Accelerated Reader now accessible! (Feb 2013) Accelerated Reader or AR is a reading/literacy enrichment program used in many schools. Exciting news! Accelerated Reader has updated the AR app – it is now accessible for students with Visual Impairments! Renaissance Learning released version 1.2.3 yesterday in the app store. You can try it out with a demo book that is built-into the app. Click the Try Demo button on the login screen. VoiceOver works alone (with touch screen gestures) and VoiceOver can be driven by a Bluetooth Keyboard or Refreshable Braille Display. If your students are practicing braille skills, mute the VoiceOver speech and read the quizzes in braille on the refreshable braille display. Remember to rate AR reader and/or let Renaissance Learning know that we appreciate their work to make this app accessible.
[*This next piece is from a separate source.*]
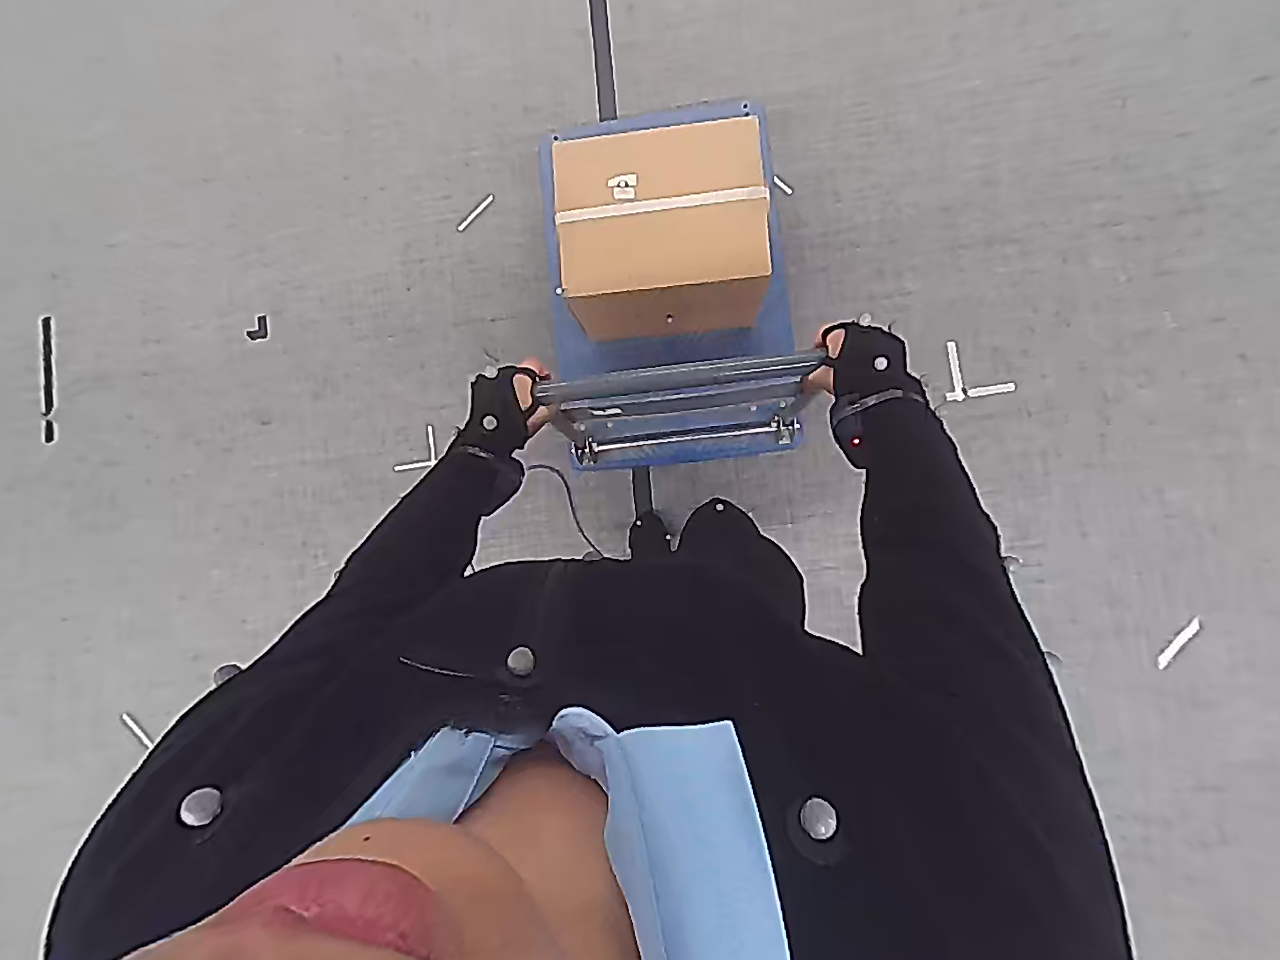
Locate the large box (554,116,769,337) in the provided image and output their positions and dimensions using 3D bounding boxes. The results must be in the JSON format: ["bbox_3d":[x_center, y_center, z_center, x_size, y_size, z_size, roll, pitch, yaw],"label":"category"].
[{"bbox_3d":[0.054,-0.528,1.201,0.408,0.320,0.320,-5,87,6],"label":"large box"}]

All Children Have Different Eyes is a beautifully illustrated storybook that models for children with visual impairment how to confidently and competently play and make friends while facing difficult social challenges, such as answering questions about their condition, entering play groups, or handling limitations responsibly. Over 40 examples and activities transform the engaging stories into an interactive workbook for parents and teachers. Classmates will also learn to become better friends and playmates when they discover why children with visual impairment see and play differently. A glossary for kids and resources for adults complete this valuable resource in every child’s social development.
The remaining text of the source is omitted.